- **Activity**:
Every entry is to be returned exactly as it stands; the pictures are to be dropped.

- - - - - - -

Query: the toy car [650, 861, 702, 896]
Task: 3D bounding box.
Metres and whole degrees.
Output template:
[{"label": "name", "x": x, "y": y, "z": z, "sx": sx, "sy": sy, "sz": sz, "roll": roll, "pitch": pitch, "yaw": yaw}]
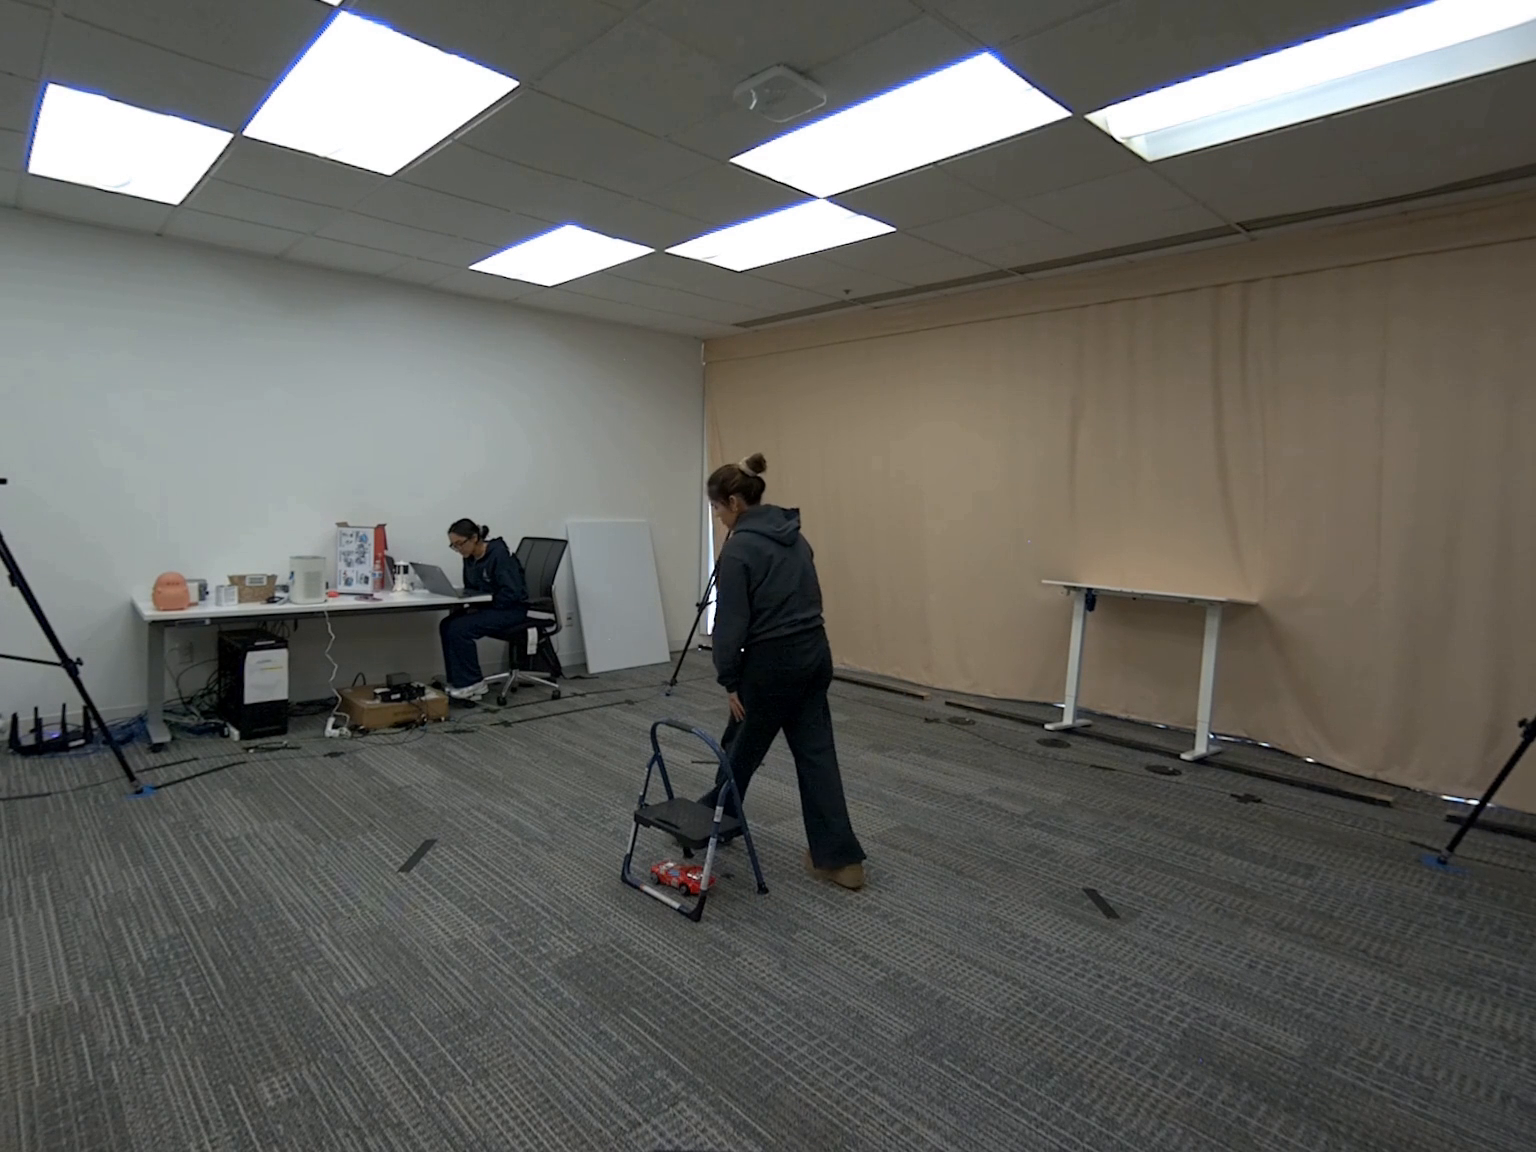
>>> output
[{"label": "toy car", "x": -0.314, "y": 1.086, "z": 3.009, "sx": 0.259, "sy": 0.083, "sz": 0.127, "roll": -8, "pitch": -2, "yaw": 37}]

- - - - - - -

- **Written answer**:
Query: the toy car [650, 861, 702, 896]
Task: 3D bounding box.
Metres and whole degrees.
Output template:
[{"label": "name", "x": x, "y": y, "z": z, "sx": sx, "sy": sy, "sz": sz, "roll": roll, "pitch": pitch, "yaw": yaw}]
>>> output
[{"label": "toy car", "x": -0.314, "y": 1.086, "z": 3.009, "sx": 0.259, "sy": 0.083, "sz": 0.127, "roll": -8, "pitch": -2, "yaw": 37}]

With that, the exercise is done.